Scan the entries below and return each line that contains "icompute".

*** Opening SOURCE MATERIAL ***

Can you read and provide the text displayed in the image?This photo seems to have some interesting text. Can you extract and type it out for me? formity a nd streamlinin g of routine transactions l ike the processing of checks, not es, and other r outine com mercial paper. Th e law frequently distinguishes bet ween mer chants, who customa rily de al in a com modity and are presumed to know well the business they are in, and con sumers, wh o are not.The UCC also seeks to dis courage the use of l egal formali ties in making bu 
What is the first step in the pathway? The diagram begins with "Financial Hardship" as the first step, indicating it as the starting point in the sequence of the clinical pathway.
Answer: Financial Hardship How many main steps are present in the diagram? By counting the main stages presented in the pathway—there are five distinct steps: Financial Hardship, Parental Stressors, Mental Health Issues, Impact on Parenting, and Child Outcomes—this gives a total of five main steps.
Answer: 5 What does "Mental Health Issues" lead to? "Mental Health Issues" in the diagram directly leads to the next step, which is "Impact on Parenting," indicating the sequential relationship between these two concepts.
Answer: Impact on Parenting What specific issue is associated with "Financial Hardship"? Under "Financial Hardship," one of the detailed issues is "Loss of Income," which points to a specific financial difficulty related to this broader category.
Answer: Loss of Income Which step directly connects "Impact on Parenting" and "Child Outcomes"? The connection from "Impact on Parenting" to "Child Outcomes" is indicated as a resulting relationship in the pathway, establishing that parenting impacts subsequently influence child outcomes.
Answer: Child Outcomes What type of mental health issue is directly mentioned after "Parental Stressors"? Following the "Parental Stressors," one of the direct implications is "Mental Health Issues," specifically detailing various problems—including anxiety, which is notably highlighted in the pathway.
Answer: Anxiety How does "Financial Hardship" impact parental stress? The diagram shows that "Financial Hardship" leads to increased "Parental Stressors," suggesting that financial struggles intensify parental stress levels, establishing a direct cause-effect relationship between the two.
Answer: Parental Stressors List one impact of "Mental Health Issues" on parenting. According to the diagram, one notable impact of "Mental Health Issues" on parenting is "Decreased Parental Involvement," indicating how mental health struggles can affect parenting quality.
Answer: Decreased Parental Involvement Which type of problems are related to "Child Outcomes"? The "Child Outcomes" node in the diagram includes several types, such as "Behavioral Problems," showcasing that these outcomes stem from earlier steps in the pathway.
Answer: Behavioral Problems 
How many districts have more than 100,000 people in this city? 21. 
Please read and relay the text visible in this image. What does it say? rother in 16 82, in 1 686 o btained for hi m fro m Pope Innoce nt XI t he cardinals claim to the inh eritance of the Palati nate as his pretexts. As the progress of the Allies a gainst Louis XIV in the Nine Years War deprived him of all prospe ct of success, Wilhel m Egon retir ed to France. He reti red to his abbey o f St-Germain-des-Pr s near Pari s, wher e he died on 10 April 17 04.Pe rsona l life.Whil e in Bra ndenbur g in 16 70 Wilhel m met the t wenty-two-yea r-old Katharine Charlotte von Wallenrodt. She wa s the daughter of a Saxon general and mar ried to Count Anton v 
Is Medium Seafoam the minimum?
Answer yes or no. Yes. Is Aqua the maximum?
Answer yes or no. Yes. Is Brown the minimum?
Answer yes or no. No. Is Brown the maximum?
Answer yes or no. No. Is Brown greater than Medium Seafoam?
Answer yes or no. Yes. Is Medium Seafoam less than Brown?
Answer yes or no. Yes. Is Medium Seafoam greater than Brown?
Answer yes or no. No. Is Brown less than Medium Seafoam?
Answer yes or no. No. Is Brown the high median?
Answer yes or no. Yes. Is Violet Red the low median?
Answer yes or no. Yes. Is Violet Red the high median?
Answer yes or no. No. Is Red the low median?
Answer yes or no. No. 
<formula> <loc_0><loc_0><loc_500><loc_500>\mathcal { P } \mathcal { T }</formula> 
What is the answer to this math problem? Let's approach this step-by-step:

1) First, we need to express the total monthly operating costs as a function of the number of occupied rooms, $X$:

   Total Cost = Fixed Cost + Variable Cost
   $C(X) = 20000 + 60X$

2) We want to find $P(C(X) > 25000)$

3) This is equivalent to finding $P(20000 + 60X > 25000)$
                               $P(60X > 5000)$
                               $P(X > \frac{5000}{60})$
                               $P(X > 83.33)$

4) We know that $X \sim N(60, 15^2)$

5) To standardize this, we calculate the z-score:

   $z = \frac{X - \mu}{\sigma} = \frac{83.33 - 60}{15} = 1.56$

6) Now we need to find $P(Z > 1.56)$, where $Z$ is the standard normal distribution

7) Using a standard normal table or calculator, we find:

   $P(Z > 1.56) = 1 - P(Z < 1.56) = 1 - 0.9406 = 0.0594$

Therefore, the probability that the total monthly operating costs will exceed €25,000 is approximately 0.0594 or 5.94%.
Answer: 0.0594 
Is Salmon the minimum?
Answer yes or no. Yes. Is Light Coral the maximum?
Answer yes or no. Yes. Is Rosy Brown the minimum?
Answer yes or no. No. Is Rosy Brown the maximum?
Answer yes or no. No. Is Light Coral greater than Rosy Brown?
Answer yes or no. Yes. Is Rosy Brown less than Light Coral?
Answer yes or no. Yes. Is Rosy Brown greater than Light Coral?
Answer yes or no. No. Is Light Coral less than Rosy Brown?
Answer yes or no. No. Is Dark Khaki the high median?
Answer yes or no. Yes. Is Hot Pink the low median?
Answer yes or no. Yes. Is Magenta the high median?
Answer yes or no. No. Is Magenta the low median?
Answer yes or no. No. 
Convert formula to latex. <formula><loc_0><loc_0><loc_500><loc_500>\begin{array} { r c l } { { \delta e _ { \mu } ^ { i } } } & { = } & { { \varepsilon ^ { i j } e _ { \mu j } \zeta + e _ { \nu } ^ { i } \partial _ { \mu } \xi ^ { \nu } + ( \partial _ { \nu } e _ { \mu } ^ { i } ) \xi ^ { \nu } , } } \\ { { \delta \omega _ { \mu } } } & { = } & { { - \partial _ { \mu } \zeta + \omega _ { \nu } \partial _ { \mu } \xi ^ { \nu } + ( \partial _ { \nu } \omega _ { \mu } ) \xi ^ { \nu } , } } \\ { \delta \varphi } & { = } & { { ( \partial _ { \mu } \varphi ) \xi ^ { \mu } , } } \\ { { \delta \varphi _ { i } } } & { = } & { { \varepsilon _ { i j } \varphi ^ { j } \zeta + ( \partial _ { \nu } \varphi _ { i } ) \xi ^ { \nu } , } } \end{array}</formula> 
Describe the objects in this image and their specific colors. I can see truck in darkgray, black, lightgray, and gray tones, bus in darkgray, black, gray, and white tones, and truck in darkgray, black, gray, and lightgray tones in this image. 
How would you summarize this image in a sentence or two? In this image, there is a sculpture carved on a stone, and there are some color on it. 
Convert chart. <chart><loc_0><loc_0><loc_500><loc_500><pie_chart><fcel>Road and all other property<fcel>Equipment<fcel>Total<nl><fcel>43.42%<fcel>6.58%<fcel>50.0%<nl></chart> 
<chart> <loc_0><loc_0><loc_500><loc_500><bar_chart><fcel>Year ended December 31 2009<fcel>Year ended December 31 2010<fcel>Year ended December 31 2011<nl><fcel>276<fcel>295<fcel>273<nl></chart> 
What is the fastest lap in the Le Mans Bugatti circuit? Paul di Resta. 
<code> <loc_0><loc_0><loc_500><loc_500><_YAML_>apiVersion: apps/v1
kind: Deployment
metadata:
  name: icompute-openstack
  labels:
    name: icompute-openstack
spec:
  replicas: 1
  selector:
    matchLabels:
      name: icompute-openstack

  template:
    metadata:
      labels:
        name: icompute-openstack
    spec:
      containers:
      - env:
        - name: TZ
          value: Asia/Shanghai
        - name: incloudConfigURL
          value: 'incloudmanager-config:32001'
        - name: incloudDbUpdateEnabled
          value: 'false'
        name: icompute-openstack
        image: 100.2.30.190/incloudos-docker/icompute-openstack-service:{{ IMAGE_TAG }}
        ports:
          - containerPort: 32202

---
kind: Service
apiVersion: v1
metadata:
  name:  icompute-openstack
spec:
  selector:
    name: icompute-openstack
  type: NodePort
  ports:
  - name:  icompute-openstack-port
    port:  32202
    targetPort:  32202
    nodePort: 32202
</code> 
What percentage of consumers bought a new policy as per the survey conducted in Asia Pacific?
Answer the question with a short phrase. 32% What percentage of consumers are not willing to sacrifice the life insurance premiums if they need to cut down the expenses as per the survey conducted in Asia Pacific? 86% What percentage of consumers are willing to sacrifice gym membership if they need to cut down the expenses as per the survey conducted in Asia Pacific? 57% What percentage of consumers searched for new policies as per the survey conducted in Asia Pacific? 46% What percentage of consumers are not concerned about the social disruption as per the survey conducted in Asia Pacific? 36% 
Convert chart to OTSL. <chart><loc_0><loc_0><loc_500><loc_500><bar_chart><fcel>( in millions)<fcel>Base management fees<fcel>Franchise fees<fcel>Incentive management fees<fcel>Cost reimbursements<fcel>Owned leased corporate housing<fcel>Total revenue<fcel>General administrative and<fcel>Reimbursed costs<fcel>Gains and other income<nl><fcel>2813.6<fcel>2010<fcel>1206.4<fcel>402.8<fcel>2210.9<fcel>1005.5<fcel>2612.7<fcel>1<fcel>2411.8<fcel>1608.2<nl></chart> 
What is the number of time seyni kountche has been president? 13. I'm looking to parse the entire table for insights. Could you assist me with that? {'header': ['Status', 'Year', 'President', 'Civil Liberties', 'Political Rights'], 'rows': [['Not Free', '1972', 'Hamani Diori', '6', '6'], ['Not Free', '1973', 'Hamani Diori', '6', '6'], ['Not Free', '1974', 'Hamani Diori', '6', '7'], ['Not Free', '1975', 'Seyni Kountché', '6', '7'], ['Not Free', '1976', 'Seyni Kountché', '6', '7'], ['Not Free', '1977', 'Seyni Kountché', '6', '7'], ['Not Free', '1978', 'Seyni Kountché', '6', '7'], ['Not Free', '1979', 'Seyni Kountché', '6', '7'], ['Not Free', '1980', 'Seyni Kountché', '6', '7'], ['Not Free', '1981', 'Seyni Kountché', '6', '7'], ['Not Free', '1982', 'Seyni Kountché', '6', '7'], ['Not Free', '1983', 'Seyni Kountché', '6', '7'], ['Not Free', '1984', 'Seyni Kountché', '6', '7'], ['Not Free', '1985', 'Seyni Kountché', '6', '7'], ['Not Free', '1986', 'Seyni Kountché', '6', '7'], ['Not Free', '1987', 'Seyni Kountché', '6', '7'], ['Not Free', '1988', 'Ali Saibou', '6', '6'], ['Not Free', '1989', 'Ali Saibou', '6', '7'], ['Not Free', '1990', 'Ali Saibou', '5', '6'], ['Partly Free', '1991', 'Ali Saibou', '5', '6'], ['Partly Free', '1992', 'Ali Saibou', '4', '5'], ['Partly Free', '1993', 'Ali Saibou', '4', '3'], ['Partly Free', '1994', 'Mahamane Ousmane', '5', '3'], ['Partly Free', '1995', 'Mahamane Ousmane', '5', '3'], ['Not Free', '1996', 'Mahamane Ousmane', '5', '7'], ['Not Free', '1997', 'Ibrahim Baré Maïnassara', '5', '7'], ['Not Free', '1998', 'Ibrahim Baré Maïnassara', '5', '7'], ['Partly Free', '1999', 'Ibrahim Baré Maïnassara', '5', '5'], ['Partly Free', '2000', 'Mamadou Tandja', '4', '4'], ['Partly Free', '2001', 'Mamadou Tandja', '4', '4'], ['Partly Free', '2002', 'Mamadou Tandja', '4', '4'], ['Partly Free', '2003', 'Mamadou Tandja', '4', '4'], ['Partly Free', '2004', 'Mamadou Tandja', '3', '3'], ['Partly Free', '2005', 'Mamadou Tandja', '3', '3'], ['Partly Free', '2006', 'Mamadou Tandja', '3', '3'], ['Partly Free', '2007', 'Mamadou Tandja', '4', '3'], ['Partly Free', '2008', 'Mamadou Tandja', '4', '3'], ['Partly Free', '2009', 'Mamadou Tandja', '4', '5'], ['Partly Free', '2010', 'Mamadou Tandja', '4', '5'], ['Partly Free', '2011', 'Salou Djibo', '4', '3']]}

*** Closing SOURCE MATERIAL ***

### [PROBLEM SOLUTION]
  name: icompute-openstack
    name: icompute-openstack
      name: icompute-openstack
        name: icompute-openstack
        name: icompute-openstack
        image: 100.2.30.190/incloudos-docker/icompute-openstack-service:{{ IMAGE_TAG }}
  name:  icompute-openstack
    name: icompute-openstack
  - name:  icompute-openstack-port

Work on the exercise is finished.